All that said, I still kind of dig it, if not for its (non) impact on the larger crossover then as a relatively standalone X-Factor vs. the Acolytes fight, mostly on the strength of Quesada's art, which takes advantage of the increased page count to have some fun with page layouts and present some really gorgeous splash pages. The fight itself is well executed, giving each team member a moment to shine, with a focus on this latest iteration of the Acolytes' most interesting component: their religious veneration of Magneto, and Quicksilver's place within the orthodoxy they've built up around him. So yeah, this is a poor start to "Fatal Attractions" and not even a terribly relevant issue of this series, but it's still kinda fun in its own way.

Next Issue
Tomorrow, fun with dinosaurs in Wolverine #71. Next week: X-Men #22 and X-Force #24.

Collected Editions



  1. I was always struck by how over the top and intensely violent that sequence with Madrox was for X-Factor in general, but that comic in particular. I mean, for 1993 a villain tearing apart a bunch of dupes and then nearly gouging a hero's eyes out in a Marvel comic was just...over the top. I mean, these days that's closer to par for the course, but back then it was weird. Chalk it up to 1993 being a really weird year, I guess.

  2. This issue came out 4 weeks late.

  3. If memory serves Wideawake was a major point in the X Men cartoon

  4. I find Exodus' appearance here an appropriate thing, this being the first installment of the crossover where he plays a big part in. Note how he by the act of merely showing up is underlined as a big deal, with needing to kill a bunch of established characters.

    I don't know how I feel about Exodus. Back in the day I though him as a stupid butterfly guy, and had I known what a Mary Sue is back then, he would totally have been a Mary Sue.
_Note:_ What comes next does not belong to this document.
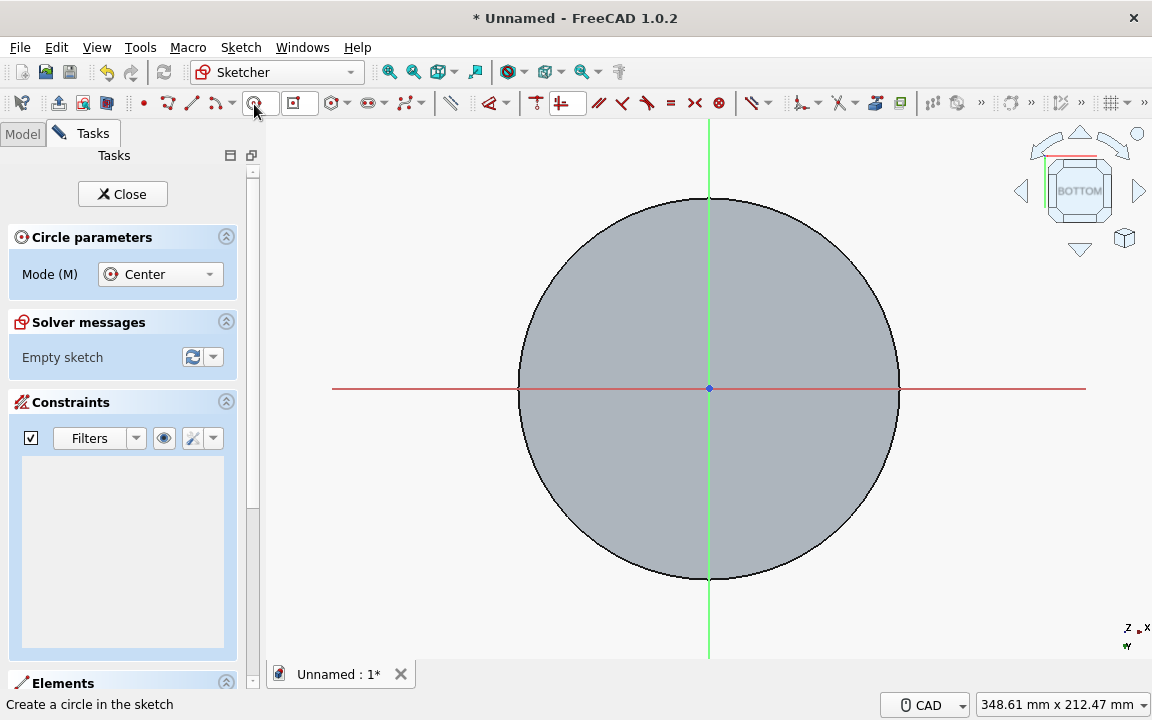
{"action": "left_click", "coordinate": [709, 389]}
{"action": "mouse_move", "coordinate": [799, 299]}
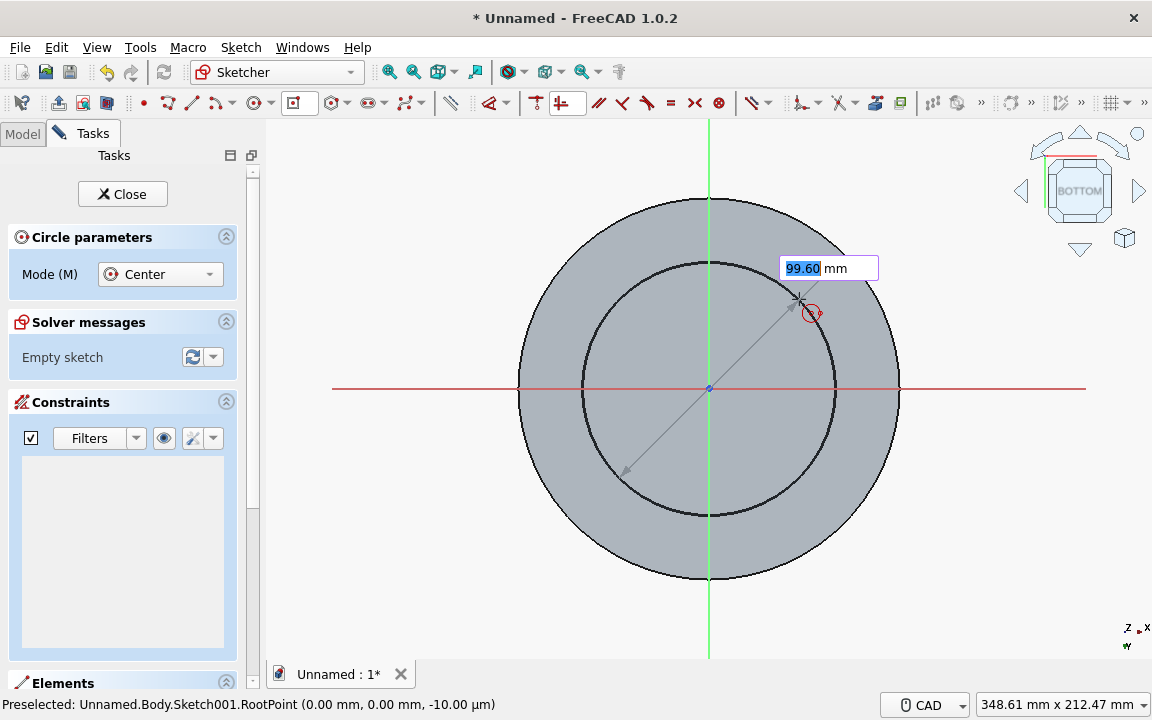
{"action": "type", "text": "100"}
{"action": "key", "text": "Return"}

    That's actually pretty powerful that ending. They probs didn't hear Senator Kelly's communications, but they still got the haunting clarity that as far as the government goes, the team could be name X-Pendables for what they care. Havok's especially gotta be super pleased to find out that he leads what's kind of close to the Press Gang of Genosha.

    We only got the first eight pages of the issue published back in the day, but the image of the nurse with Senyaka's mark on her made it totally worth it. It wasn't unlike in films where someone gets shot and he then graphically bleeds a lot and dies to a lot of agitation instead of brushing it off like usually.

    I remember Sharon Stone was a very well known actress at time, because of reasons which I would have believed would rather have disqualified her name from being dropped on a comicbook issue like this. [insert a DKR-inspired Wayne Knight joke here]

  5. 'Fatal Attractions' is where I checked out. At this point, most people would have 'out grown' comic books, but since I find that practice only an option through extreme cognitive dissonance (no one outgrows listening to music or watching movies), I just moved on to Concrete, Madman, Strangers in Paradise and the odd Image Comic.

    X-men and Spider-Man were a complete mess at this point, and for the first time in since I started buying comics, I had no interest in (and no ability to comprehend) what was going on!

  6. I recall picking up this issue for the crossover -- it was the first X-FACTOR I ever read -- and not being impressed enough to continue with it. I did think Exodus was pretty cool looking though.

    It's funny -- I know I read every installment of "Fatal Attractions" and I recall, for example, that an issue or two of UNCANNY came out between its installment and the X-MEN issue -- but it was only fairly recently that I realized it was spread out across half the year! Somehow my recollections of picking up the various chapters don't feel that far apart.


  7. // it was only fairly recently that I realized it was spread out across half the year //

    That’s something I just found out while reading this issue. While I read the later parts in the comics shop where I started working that fall I hadn’t read the earlier ones, nor revisited any of it, until now. I think kicking off the crossover/event in such a relatively broad, leisurely fashion is an interesting way to go but the common trade dress with hologram cardstock covers doesn’t really jibe with those early chapters' vague set-up to me.